Real-time mapping interactivity
The mapping service, accredited by CESG (the National Technical Authority for Information Assurance), now allows the resilience community to share real-time visual information, cutting across organisational and geographic boundaries. Built using OS mapping scales and products via the Public Sector Mapping Agreement, the service has been loaded with the national set of common map symbols.
Resilience staff, who used to communicate via the platform’s instant messaging feature, can now build bespoke incident maps to create a shared picture of an event, and the service can digest a variety of data formats. Users can add their own layers to incident maps to reflect local details accurately – such as highlighting cordons, showing utilities or pipelines and overlaying points of interest.

Planning, responding and administrating
For planning purposes, the platform’s mapping feature allows users to overlay their own data, provide accurate exports for their plans, and define management zones. Planners can also store minutes and plans, pin meetings and dates in the online calendar, access a UK-wide contact directory and view users’ profiles.

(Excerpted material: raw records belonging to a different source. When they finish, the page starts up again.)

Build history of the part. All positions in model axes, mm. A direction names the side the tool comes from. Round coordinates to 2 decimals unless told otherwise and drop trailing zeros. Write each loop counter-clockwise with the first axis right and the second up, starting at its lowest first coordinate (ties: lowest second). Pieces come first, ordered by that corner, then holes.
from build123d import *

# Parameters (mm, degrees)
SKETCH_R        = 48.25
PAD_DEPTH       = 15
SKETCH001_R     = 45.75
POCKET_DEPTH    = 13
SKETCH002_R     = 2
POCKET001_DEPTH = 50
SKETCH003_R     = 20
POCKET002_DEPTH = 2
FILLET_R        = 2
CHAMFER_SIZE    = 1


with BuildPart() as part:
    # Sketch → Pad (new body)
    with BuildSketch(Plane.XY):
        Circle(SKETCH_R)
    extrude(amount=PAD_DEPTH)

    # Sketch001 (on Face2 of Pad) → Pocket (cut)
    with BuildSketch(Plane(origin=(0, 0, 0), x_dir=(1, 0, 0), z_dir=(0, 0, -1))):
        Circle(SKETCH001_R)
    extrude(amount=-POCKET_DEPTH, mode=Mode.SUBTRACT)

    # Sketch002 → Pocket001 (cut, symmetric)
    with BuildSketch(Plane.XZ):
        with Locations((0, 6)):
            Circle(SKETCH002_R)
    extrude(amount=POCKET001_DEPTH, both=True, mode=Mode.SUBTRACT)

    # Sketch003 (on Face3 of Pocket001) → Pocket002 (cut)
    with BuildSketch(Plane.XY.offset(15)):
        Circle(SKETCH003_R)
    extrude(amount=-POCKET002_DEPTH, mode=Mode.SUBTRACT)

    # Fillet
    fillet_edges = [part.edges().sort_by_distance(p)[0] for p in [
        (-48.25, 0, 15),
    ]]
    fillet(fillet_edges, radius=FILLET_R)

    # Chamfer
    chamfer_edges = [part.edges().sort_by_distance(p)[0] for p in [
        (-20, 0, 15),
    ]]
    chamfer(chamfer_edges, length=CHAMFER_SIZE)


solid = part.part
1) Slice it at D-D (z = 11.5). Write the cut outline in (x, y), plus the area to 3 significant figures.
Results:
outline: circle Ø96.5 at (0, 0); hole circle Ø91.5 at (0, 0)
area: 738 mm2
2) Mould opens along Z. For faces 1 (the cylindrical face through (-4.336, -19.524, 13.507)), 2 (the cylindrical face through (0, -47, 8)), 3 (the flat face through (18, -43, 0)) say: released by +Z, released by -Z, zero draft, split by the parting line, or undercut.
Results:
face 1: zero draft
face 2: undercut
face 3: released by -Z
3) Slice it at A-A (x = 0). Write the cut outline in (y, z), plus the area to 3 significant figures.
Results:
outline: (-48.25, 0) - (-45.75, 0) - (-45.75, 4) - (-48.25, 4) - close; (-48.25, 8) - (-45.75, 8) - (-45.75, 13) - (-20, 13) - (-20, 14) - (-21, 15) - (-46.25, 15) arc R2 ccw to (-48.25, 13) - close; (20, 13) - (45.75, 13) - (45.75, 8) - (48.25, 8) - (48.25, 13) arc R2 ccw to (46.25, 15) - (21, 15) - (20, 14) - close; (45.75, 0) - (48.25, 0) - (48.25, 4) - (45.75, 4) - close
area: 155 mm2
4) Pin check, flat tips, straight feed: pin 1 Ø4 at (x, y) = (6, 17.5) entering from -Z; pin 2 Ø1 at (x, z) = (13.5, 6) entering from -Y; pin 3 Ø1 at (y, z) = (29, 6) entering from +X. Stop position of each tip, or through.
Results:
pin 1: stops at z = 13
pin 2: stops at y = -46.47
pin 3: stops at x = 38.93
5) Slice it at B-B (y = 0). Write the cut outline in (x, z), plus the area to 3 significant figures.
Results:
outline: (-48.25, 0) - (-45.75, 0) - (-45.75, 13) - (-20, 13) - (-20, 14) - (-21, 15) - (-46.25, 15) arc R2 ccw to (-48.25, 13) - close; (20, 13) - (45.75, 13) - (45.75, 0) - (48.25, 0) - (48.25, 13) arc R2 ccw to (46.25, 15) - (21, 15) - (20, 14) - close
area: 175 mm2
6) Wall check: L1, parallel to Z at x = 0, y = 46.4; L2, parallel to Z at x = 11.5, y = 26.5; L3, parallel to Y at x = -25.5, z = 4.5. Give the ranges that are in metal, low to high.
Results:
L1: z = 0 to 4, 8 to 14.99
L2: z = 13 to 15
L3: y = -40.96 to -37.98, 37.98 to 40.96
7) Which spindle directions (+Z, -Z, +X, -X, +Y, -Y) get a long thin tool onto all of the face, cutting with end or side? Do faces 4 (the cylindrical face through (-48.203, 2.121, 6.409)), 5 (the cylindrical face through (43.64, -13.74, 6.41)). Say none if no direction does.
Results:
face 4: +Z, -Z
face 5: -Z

Responders can create response maps, use the drawing tools to define cordons, control points and access routes, and overlay local data to inform the TCG or SCG (tactical/strategic coordinating group). They could already use it to collate situation reports and actions, notify responders via email and create response templates.
Luana Avagliano, head of the Resilience Direct team at the Cabinet Office, told PSE that the service uses agile methodology and user-centred design, meaning there are continuous extensions to what the platform can do. “There have been many releases with enhancements – a couple of recent changes have been to consume WMS (Web Map Service) and APIs for the mapping app to stream real time data.
“For the collaborative tool, administrators for each organisation now have the ability to set subgroups of main groups as private. This is particularly useful for exercise management. Administrators now have access to deactivated accounts that we do not delete due to audit history purposes,” she said. All local resilience forums and partnerships can access the free service from any device with an internet connection.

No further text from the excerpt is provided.